Urząd Komunikacji Elektronicznej opublikował dzisiaj projekty decyzji odmawiających ustalenia w relacjach międzyoperatorskich opłat za przeniesienie numerów w sieciach mobilnych. Opłat takich oczekiwali zasiedziali operatorzy argumentując, że uprawnienia abonenta do przenoszenia numerów generują koszty, które pokryć powinien przedsiębiorca, który ma z tytułu przenośności korzyści: operator-biorca. Trzej MNO są dawcami numerów netto w relacjach z nowymi graczami na rynku, przede wszystkim w relacjach z Playem.

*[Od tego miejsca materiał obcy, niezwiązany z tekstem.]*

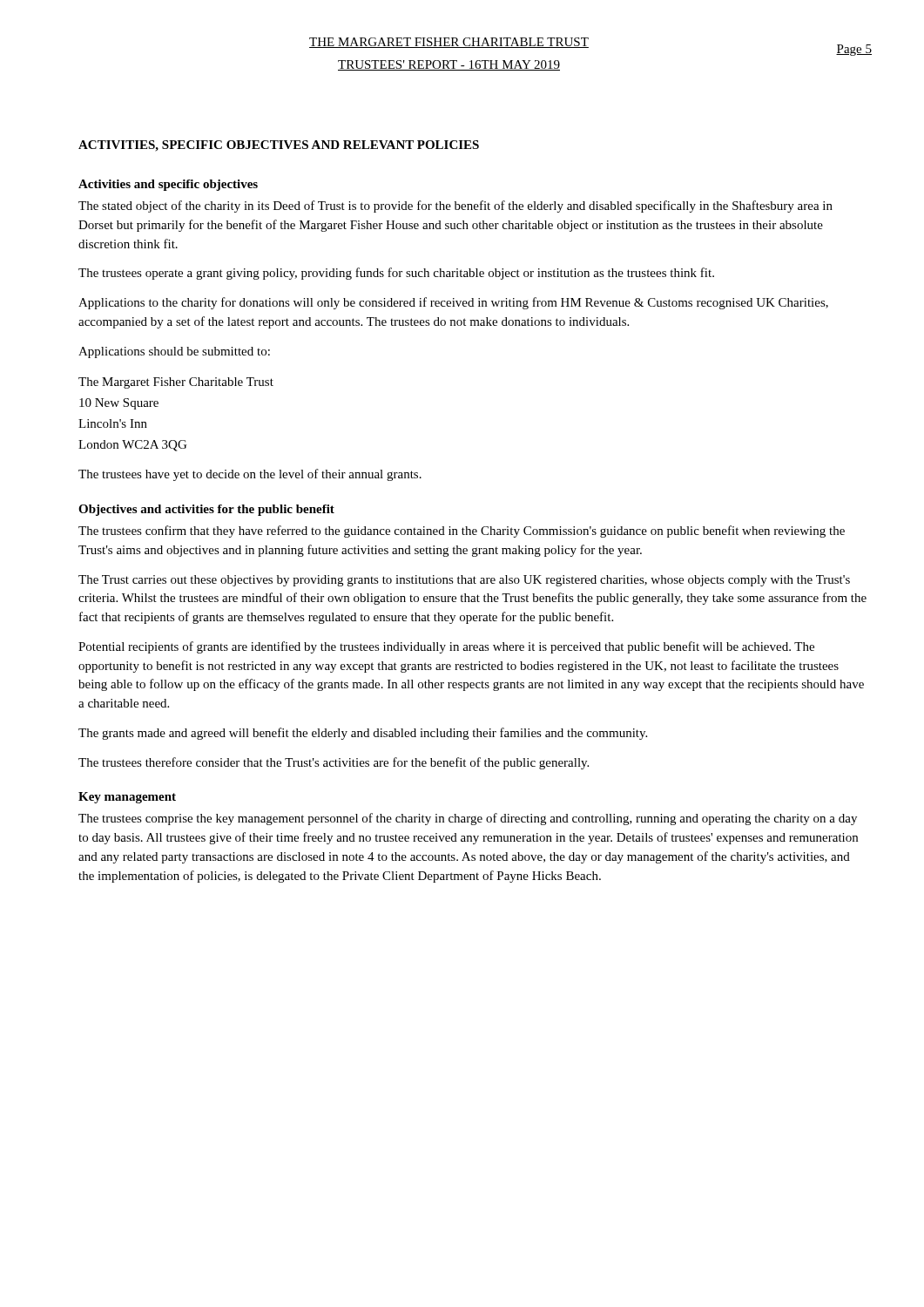Click the passage that begins "The trustees operate a grant giving policy,"
Screen dimensions: 1307x924
point(397,273)
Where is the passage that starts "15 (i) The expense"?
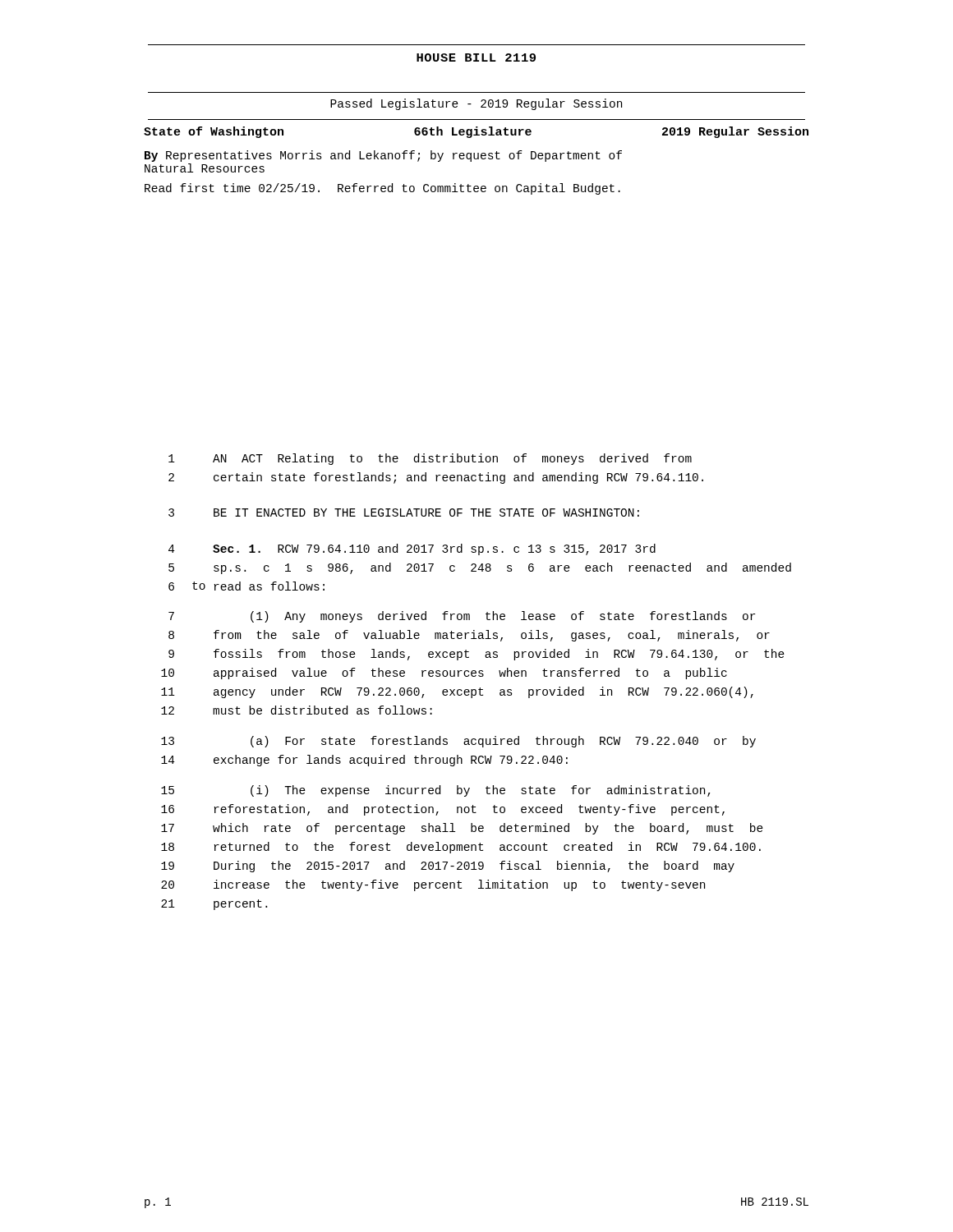The height and width of the screenshot is (1232, 953). pyautogui.click(x=474, y=791)

Nowi gracze argumentowali dla odmiany, że przeniesienie numeru generuje po stronie biorcy wyższe koszty. W negocjacjach pomiędzy operatorami a UKE była mowa o hurtowych opłatach na poziomie 50-60 zł. UKE skłonny był przystać na opłatę na poziomie ok. 25 zł zbliżoną do opłaty za przeniesienie numeru z sieci stacjonarnej Telekomunikacji Polskiej.

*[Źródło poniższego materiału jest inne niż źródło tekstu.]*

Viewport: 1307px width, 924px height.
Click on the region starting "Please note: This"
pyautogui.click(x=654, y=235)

Ostatecznie UKE zrezygnował z wprowadzenia opłat, argumentując – że choć opłata za przeniesienie może się wydawać uzasadniona – to dzisiaj nie sposób ustalić jej wysokości wobec przedstawienia przez operatorów niespójnych i rozbieżnych danych na temat kosztów tego procesu. UKE wziął także pod uwagę możliwość nadużyć związanych z przenoszeniem numerów, choć ocenił, że ryzyko nie jest duże.

Specjaliści zauważają, że ustalenie opłaty za przeniesienie numeru mogłoby być sposobnością do utworzenia operatora MVNO tylko w celu pozyskania zasobów numeracyjnych, które potem masowo zostałyby przeniesione do sieci którego z konkurentów w celu zainkasowania opłat.